→ What is required
Pick every line from the data that holds the word "radius".

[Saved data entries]
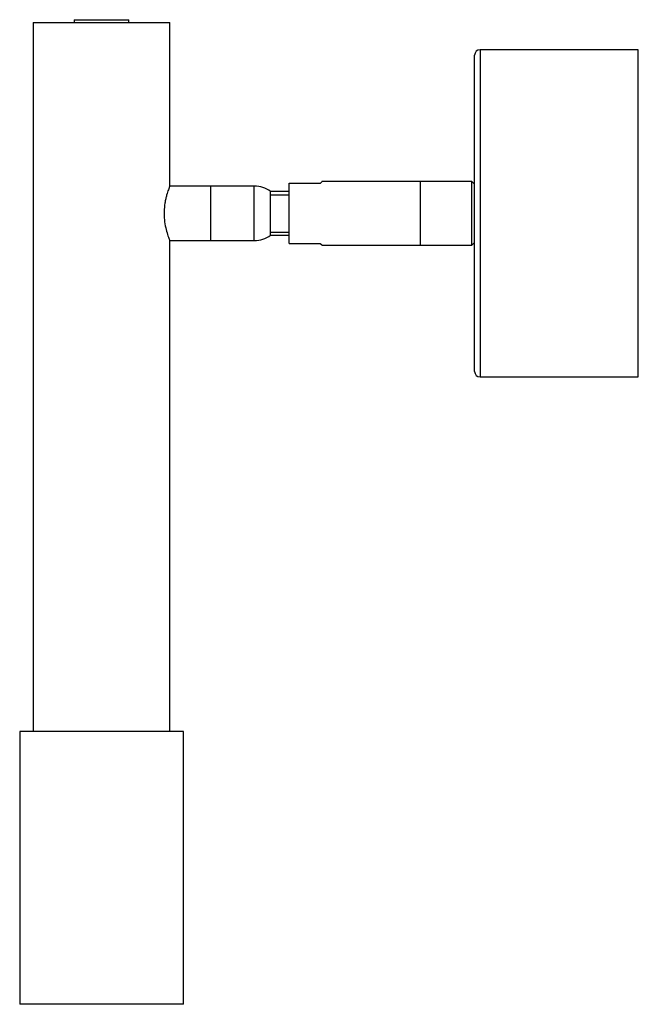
# Paper-space layout '_Posterior' of a CAD drawing. Header units: millimetres. Extents: x 162 to 275, y -293 to -112.
import ezdxf

# ---------------------------------------------------------------- set-up
doc = ezdxf.new("R2010")
doc.units = ezdxf.units.MM

psp = doc.layouts.new('_Posterior')

# ---------------------------------------------------------------- linework, layer by layer
at = {"color": 7, "linetype": 'Continuous', "lineweight": 25}
for p, q in [((164.28, -112.61), (164.28, -242.61)), ((164.28, -112.61), (189.28, -112.61)), ((171.78, -112.11), (171.78, -112.61)), ((171.78, -112.11), (181.78, -112.11)), ((181.78, -112.61), (181.78, -112.11)), ((189.28, -142.67), (189.28, -112.61)), ((245.16, -176.61), (245.16, -118.61)), ((275.16, -117.61), (246.16, -117.61)), ((275.16, -177.61), (275.16, -117.61)), ((211.16, -142.07), (216.88, -142.07)), ((211.16, -153.15), (211.16, -142.07)), ((216.88, -142.16), (211.16, -142.16)), ((216.88, -142.16), (216.88, -142.07)), ((244.66, -141.76), (217.18, -141.76)), ((235.16, -141.76), (235.16, -153.46)), ((245.16, -142.26), (244.66, -141.76)), ((244.66, -153.46), (244.66, -141.76)), ((204.78, -142.61), (189.28, -142.61)), ((196.78, -142.61), (196.78, -152.61)), ((211.16, -143.61), (207.78, -143.61)), ((207.78, -151.61), (207.78, -143.61)), ((207.78, -144.19), (211.16, -144.19)), ((211.16, -151.12), (207.78, -151.12)), ((207.78, -151.61), (211.16, -151.61)), ((189.28, -242.61), (189.28, -152.59)), ((189.28, -152.61), (204.78, -152.61)), ((211.16, -153.15), (216.88, -153.15)), ((244.66, -153.46), (245.16, -152.96)), ((217.18, -153.46), (244.66, -153.46)), ((246.16, -177.61), (275.16, -177.61)), ((161.78, -242.61), (161.78, -292.61)), ((191.78, -242.61), (161.78, -242.61)), ((191.78, -292.61), (191.78, -242.61)), ((191.78, -292.61), (161.78, -292.61))]:
    psp.add_line(p, q, dxfattribs=at)
at = {"color": 8, "linetype": 'Continuous', "lineweight": 25}
for p, q in [((246.16, -117.61), (246.16, -177.61)), ((204.78, -152.61), (204.78, -142.61))]:
    psp.add_line(p, q, dxfattribs=at)
at = {"color": 7, "linetype": 'Continuous', "lineweight": 25}
for centre, radius, start, end in [((246.16, -118.61), 1, 90, 180), ((204.78, -147.61), 5, 53.1301, 90), ((204.78, -147.61), 5, 270, 306.8699), ((246.16, -176.61), 1, 180, 270)]:
    psp.add_arc(centre, radius, start, end, dxfattribs=at)
for points, knots in [([(217.18, -141.8), (217.19, -141.8), (217.21, -141.8), (217, -142.03), (216.88, -142.16)], [0, 0, 0, 0, 0.461065, 1, 1, 1, 1]), ([(189.26, -142.67), (189.26, -142.67), (189.26, -142.67), (189.04, -143.23), (188.76, -144.07), (188.54, -144.96), (188.34, -145.93), (188.25, -146.86), (188.24, -147.5), (188.24, -147.61)], [0, 0, 0, 0, 0.133057, 0.330849, 0.537465, 0.645945, 0.757621, 0.957034, 1, 1, 1, 1]), ([(188.24, -147.61), (188.26, -148.15), (188.31, -149.22), (188.62, -150.66), (188.91, -151.62), (189.12, -152.18), (189.22, -152.46), (189.28, -152.61), (189.28, -152.6), (189.28, -152.59)], [0, 0, 0, 0, 0.20252, 0.404626, 0.617208, 0.726313, 0.838894, 0.942641, 1, 1, 1, 1]), ([(216.88, -153.15), (217.03, -153.3), (217.23, -153.48), (217.19, -153.43), (217.18, -153.42)], [0, 0, 0, 0, 0.760775, 1, 1, 1, 1])]:
    psp.add_open_spline(points, degree=3, knots=knots, dxfattribs=at)

doc.saveas('drawing.dxf')

→ Task output
for centre, radius, start, end in [((246.16, -118.61), 1, 90, 180), ((204.78, -147.61), 5, 53.1301, 90), ((204.78, -147.61), 5, 270, 306.8699), ((246.16, -176.61), 1, 180, 270)]:
    psp.add_arc(centre, radius, start, end, dxfattribs=at)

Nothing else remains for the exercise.